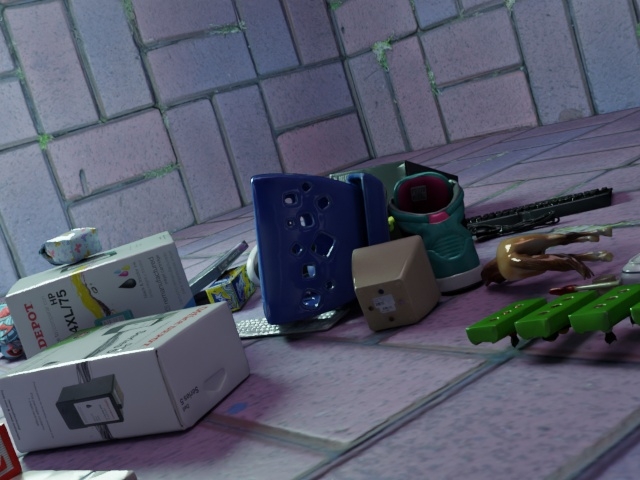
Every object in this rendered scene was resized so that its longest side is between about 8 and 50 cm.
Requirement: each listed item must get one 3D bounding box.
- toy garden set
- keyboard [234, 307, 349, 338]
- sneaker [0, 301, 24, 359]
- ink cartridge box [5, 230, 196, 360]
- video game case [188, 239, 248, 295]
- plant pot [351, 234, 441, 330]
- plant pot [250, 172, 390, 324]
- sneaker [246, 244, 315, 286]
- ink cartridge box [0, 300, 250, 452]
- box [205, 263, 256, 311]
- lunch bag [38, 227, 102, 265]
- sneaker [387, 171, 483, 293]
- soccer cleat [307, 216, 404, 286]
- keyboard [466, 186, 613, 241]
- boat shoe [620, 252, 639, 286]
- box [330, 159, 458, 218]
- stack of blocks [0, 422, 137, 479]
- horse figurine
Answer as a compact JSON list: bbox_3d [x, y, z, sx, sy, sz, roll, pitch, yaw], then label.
[{"bbox_3d":[0.321,0.077,0.956,0.204,0.049,0.244,-19,3,-42],"label":"toy garden set"},{"bbox_3d":[-0.071,0.139,1.417,0.256,0.014,0.072,-11,11,37],"label":"keyboard"},{"bbox_3d":[-0.629,0.194,1.849,0.104,0.125,0.262,21,-23,-33],"label":"sneaker"},{"bbox_3d":[-0.345,0.125,1.425,0.270,0.198,0.197,-19,9,-10],"label":"ink cartridge box"},{"bbox_3d":[-0.259,0.088,1.843,0.196,0.026,0.274,-36,4,12],"label":"video game case"},{"bbox_3d":[0.103,0.071,1.248,0.109,0.109,0.096,-13,23,21],"label":"plant pot"},{"bbox_3d":[0.000,0.000,1.416,0.212,0.235,0.236,-6,3,-6],"label":"plant pot"},{"bbox_3d":[-0.013,0.015,1.769,0.147,0.104,0.296,-16,3,44],"label":"sneaker"},{"bbox_3d":[-0.264,0.183,1.175,0.273,0.114,0.198,-13,9,24],"label":"ink cartridge box"},{"bbox_3d":[-0.177,0.097,1.728,0.054,0.059,0.169,-19,8,9],"label":"box"},{"bbox_3d":[-0.424,0.011,1.463,0.083,0.053,0.071,-2,17,30],"label":"lunch bag"},{"bbox_3d":[0.172,-0.024,1.426,0.124,0.178,0.295,-18,9,-7],"label":"sneaker"},{"bbox_3d":[0.108,0.010,1.632,0.289,0.093,0.121,-19,2,-15],"label":"soccer cleat"},{"bbox_3d":[0.394,-0.049,1.658,0.317,0.033,0.201,-14,9,23],"label":"keyboard"},{"bbox_3d":[0.463,-0.006,1.103,0.226,0.075,0.083,-22,10,-28],"label":"boat shoe"},{"bbox_3d":[0.168,-0.096,1.871,0.184,0.103,0.261,-6,-7,32],"label":"box"},{"bbox_3d":[-0.259,0.236,0.660,0.297,0.171,0.087,-10,11,34],"label":"stack of blocks"},{"bbox_3d":[0.297,0.022,1.158,0.175,0.066,0.263,-10,-2,12],"label":"horse figurine"}]
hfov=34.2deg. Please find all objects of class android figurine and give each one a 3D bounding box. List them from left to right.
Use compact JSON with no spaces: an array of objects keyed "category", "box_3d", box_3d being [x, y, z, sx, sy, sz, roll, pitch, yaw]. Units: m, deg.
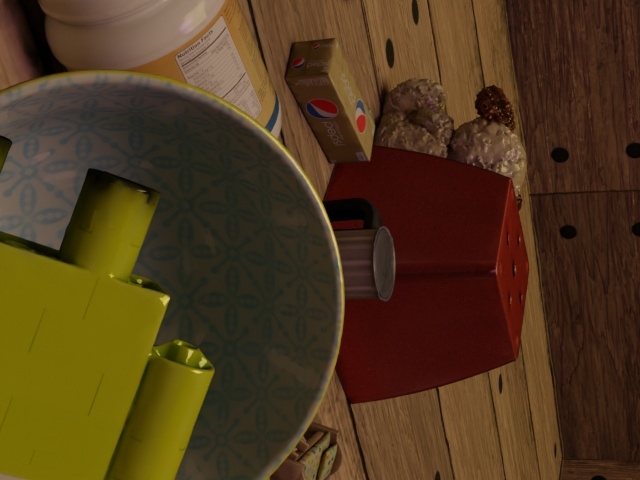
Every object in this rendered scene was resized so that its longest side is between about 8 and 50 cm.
[{"category":"android figurine","box_3d":[-0.187,0.080,0.547,0.272,0.248,0.056,-68,-157,0]}]

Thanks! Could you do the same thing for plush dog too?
[{"category":"plush dog","box_3d":[0.197,-0.117,1.566,0.210,0.226,0.262,-28,114,-68]}]

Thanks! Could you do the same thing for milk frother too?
[{"category":"milk frother","box_3d":[0.000,0.000,1.151,0.143,0.135,0.129,33,57,-66]}]

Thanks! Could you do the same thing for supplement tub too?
[{"category":"supplement tub","box_3d":[-0.124,-0.145,0.813,0.199,0.144,0.144,66,29,-44]}]

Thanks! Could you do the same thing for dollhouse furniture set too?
[{"category":"dollhouse furniture set","box_3d":[-0.018,0.169,1.071,0.182,0.101,0.160,-25,129,-68]}]

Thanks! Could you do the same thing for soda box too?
[{"category":"soda box","box_3d":[0.016,-0.174,1.323,0.181,0.058,0.061,60,34,-53]}]

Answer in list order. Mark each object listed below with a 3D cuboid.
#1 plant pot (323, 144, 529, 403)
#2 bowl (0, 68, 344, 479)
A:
[{"category":"plant pot","box_3d":[0.147,0.042,1.403,0.267,0.236,0.267,-72,152,-43]},{"category":"bowl","box_3d":[-0.146,0.034,0.668,0.156,0.290,0.289,-155,-124,-66]}]

##############################

About this exercise: Exactly the lines from the top of the entries through the line with "- video game case [188, 239, 248, 295]", inclusive, must be given again, with every picture omitted.

Answer section:
Every object in this rendered scene was resized so that its longest side is between about 8 and 50 cm.
Requirement: each listed item must get one 3D bounding box.
- toy garden set
- keyboard [234, 307, 349, 338]
- sneaker [0, 301, 24, 359]
- ink cartridge box [5, 230, 196, 360]
- video game case [188, 239, 248, 295]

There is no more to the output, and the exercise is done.